Il était donc devenu soldat, pour rendre sacrées et extraordinaires les choses les plus simples, servir en se sacrifiant pour des idéaux. Il fut homme d’ordre et de discipline. Rapidement après la prise de commandement de sa compagnie, son chef de corps lui reprocha d’avoir trop puni ses hommes en si peu de temps. Le jeune capitaine rappela alors qu’il était aussi celui qui avait fait le plus de demandes de félicitations, affirmant qu’avant qu’un cheval ou un soldat puisse avoir confiance en son chef, il faut l’aider à se passer à la fois de la cravache et de la carotte.
L’amour, la paix, la sécurité, la défense du bien commun, la protection du plus faible et du plus petit qui ne sont ni innés ni gratuits attirent de manière toute particulière le cœur du militaire chrétien. Dieu lui-même a une préférence pour les pauvres, les humbles, les malades, les délaissés.
« Je n’ai jamais vu de si grande foi chez un homme en tout Israël » dira Notre Seigneur au centurion qui lui demande la guérison de son fils (Mt 8,10).
Mieux que quiconque, le militaire, sait que la paix loin d’être durable, se situe toujours dans un état d’instabilité entre deux guerres, deux drames, deux morts. Telle est sa raison d’être, le but pour lequel il travaille, s’entraîne, se bat. Il fait la guerre à la guerre afin de sauvegarder la paix et la sécurité. Montrer sa capacité à faire mal, très mal même, n’est que le moyen pour dissuader et défendre.

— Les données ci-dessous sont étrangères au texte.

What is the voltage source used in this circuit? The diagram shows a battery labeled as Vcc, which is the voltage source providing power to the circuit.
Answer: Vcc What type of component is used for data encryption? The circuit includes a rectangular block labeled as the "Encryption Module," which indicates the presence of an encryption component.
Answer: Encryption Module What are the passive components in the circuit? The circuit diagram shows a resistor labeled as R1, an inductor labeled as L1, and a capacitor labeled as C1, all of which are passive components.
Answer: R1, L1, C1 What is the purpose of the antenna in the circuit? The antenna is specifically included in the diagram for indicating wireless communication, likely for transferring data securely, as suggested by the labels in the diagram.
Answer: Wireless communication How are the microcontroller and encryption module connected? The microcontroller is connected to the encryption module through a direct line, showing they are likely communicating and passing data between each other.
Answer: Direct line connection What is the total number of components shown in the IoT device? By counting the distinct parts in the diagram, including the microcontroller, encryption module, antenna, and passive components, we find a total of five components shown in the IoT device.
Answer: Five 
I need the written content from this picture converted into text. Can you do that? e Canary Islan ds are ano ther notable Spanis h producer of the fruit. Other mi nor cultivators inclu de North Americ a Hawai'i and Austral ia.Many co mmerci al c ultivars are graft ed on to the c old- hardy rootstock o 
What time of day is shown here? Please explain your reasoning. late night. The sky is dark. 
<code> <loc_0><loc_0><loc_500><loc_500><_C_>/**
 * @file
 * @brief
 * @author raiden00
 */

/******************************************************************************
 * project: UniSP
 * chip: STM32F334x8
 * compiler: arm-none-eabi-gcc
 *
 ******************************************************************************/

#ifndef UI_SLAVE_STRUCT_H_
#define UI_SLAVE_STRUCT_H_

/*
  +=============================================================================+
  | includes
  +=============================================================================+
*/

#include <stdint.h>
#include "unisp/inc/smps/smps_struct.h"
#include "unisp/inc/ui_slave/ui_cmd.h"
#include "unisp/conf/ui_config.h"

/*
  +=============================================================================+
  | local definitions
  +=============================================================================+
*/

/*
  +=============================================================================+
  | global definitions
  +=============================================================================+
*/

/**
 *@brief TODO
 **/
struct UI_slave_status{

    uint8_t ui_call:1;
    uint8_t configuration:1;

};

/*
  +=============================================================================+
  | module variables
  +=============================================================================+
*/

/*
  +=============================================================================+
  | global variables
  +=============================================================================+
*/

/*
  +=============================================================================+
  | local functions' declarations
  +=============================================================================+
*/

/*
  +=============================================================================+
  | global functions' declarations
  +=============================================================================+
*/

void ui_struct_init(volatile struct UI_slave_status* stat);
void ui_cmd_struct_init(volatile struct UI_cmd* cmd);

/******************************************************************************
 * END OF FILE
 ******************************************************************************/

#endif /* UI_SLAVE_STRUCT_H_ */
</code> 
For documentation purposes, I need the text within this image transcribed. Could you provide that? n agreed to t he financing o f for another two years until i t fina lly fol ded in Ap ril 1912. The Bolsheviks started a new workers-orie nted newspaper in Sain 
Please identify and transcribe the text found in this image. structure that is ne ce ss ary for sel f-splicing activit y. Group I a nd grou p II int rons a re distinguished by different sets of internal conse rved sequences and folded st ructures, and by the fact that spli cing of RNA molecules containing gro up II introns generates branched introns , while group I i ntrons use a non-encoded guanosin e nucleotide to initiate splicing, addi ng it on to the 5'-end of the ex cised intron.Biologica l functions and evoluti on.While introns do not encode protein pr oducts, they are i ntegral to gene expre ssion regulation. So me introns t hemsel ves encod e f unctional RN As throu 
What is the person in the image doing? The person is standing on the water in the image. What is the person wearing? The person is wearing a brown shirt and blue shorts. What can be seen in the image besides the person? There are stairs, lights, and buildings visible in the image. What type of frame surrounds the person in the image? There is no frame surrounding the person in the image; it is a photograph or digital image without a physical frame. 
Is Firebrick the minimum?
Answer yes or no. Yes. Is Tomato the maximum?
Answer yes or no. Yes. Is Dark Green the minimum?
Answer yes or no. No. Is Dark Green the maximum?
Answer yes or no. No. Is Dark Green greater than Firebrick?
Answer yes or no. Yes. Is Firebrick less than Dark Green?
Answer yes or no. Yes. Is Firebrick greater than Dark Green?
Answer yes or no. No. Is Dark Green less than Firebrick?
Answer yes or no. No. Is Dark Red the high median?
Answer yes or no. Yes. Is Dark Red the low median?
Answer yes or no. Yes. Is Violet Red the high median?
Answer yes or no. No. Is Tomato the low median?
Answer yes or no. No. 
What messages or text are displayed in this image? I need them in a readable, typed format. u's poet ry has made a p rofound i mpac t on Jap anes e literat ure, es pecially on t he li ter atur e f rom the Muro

Plus que quiconque, le militaire sait que donner sa vie pour son pays, lieu de ses pères, pour sa patrie, lieu de sa naissance, n’est pas suicide ou accident mais sacrifice de toute une vie et ce quel que soit son grade. On appelle héros l’un de nos camarades qui tombe au champ d’honneur, n’en déplaise à certains. « Donner sa vie pour ceux que l’on aime »,
« Aime et fais ce que tu veux », voici des devises qui résument une vie bien remplie et qui demande miséricorde pour son âme.
Après avoir notamment, servi à l’Élysée, été CEMA, grand chancelier de la Légion d’honneur et du Mérite, responsable de la restauration de Notre-Dame, alors que je lui apprenais ma mutation à Castres, il me confia son pire souvenir du 18 août 2008, la mort de dix soldats français tués dans une embuscade en Afghanistan.
Date qui me laisse entrevoir en cet autre 18 août 2023, date de sa mort, la volonté de ne jamais oublier ceux qui sont tombés pour la France, ceux qui quittent leur famille et leur pays, ceux qui continuent jour après jour à défendre la veuve et l’orphelin comme disaient les chevaliers d’hier et nous l’espérons ceux de demain.
Prions et offrons des messes, des sacrifices et mortifications pour le repos de l’âme de Jean-Louis Georgelin. Que la miséricorde de Dieu Tout-Puissant lui offre le pardon de ses péchés et l’indulgence pour la vie éternelle.
Au nom du Père et du Fils et du Saint-Esprit.